Maxim 2: No Incentive to Lose

When baseball resumed, it was announced that there would be a “split season”, with an extra (highly profitable) round of playoffs. The teams that were leading their divisions before the strike, Philadelphia, the Dodgers, St. Louis, and Cincinnati, would play off against the teams that did best in the part of the season after play resumed.

What if one team won both halves of the season? Originally, the second qualifying position was to go to the team with the second-best overall record over the entire season. But then someone noticed that this might create a perverse incentive for a team to lose games late in the season. And this might, indeed, have happened.

In the American League West, Oakland won the first half of the season, and finished the second half narrowly behind Kansas City. As it happened, Texas had six games against Oakland in the last month of the season, of which Oakland won four. If Texas had undertaken to lose all six, Oakland would have won both halves of the season, which would have meant that Texas, the team with the second-best overall record, would have advanced to the playoffs rather than Kansas City. And it might have been even worse. If Oakland had decided that it matched up better against Kansas City than it did against Texas, it might have decided to try to lose some of the games to thwart Texas. Baseball might have been presented with a game in which both sides were trying to lose.

Maxim 3: Avoid Unequal Incentive to Win

If baseball managed to avoid creating a positive incentive to lose, it certainly did not avoid situations in which one team had little incentive to win.

It’s a common problem with long round robins that toward the end there can be teams whose overall results cannot be altered are matched against teams for whom these late results are critical. But the split season format took this to a new level. The four teams that were leading their divisions when the strike started already knew that they were in the playoffs, and so had little incentive to play hard for the entire second half of the season.
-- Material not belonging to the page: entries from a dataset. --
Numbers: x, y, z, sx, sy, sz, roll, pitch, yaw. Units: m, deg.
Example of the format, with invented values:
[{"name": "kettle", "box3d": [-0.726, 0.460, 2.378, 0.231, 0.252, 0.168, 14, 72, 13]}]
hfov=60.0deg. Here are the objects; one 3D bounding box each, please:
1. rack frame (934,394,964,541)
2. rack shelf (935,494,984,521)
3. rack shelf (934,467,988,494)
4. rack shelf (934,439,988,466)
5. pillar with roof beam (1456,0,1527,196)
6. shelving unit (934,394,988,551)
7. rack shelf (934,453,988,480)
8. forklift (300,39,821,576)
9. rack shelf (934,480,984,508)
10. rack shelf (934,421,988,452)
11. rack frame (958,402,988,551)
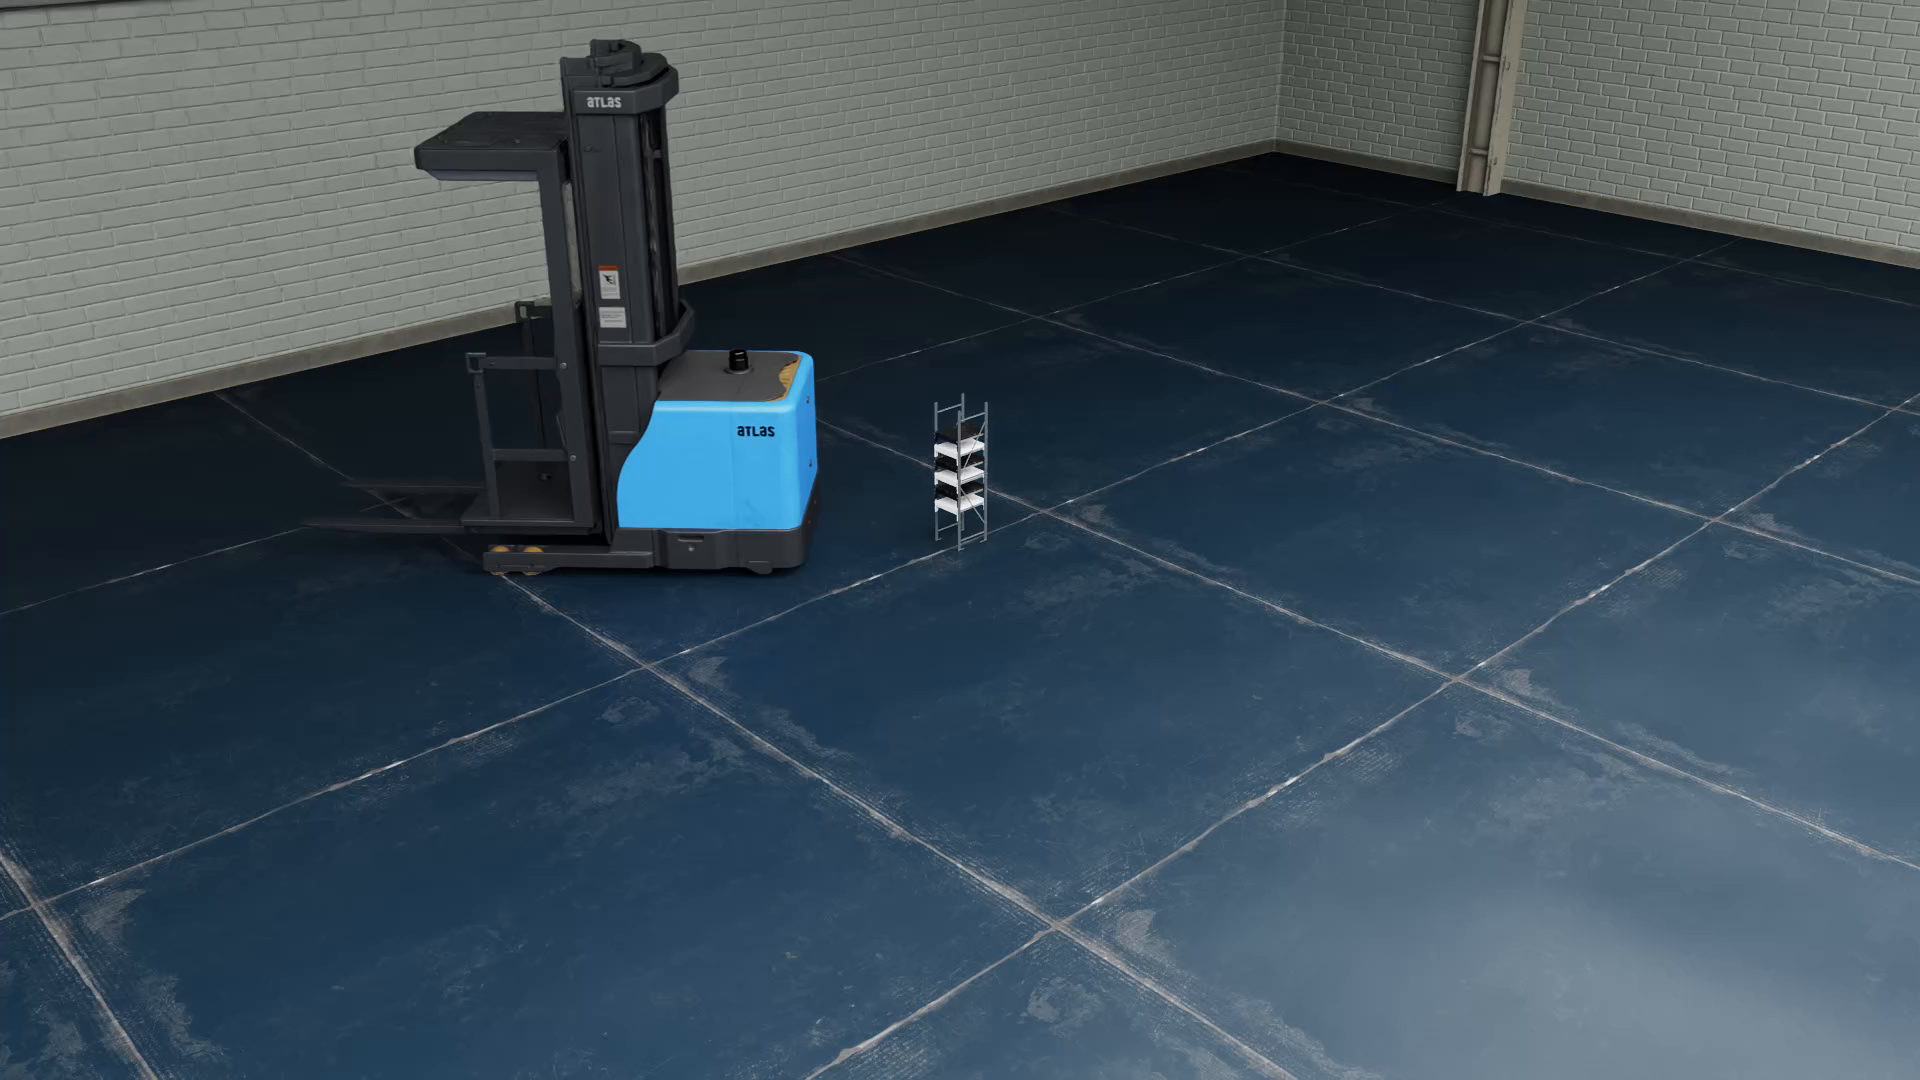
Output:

Perhaps for this reason, the teams that made the playoffs were not the best teams as measured by the season as a whole. In the National League, St. Louis and Cincinnati were at the top of their respective divisions, but neither one made the playoffs. In the American League West, Kansas City made the playoffs and Texas did not, despite finishing in fourth place on a full year basis, six full games behind the Royals.

 

Why was the split season format, with all its problems, used? Wouldn’t it have been fairer just to  just to proceed as usual except for the missing games?

It would have been fairer, and least as concerns fairness (C), but fairness (C) was not the imperative in 1981. Baseball and its players had lost a lot of income to the strike, and it badly needed to rekindle fan interest. The powers that be in baseball attempted to do that by giving each team a fresh start – essentially a fairness (B) enhancement.

That advantage of the fresh start is not one that’s easy to remember. Those of us old enough to remember the summer of ’81 are likely to remember the strike, and the ad hoc nature of the way baseball attempted to recover. But it’s silly, from this remove, to second-guess the decisions. We hope it’s never necessary to use such tactics again, but it’s not at all clear that the decisions made were bad ones. Unless, of course, you are a fan of St. Louis or Cincinnati.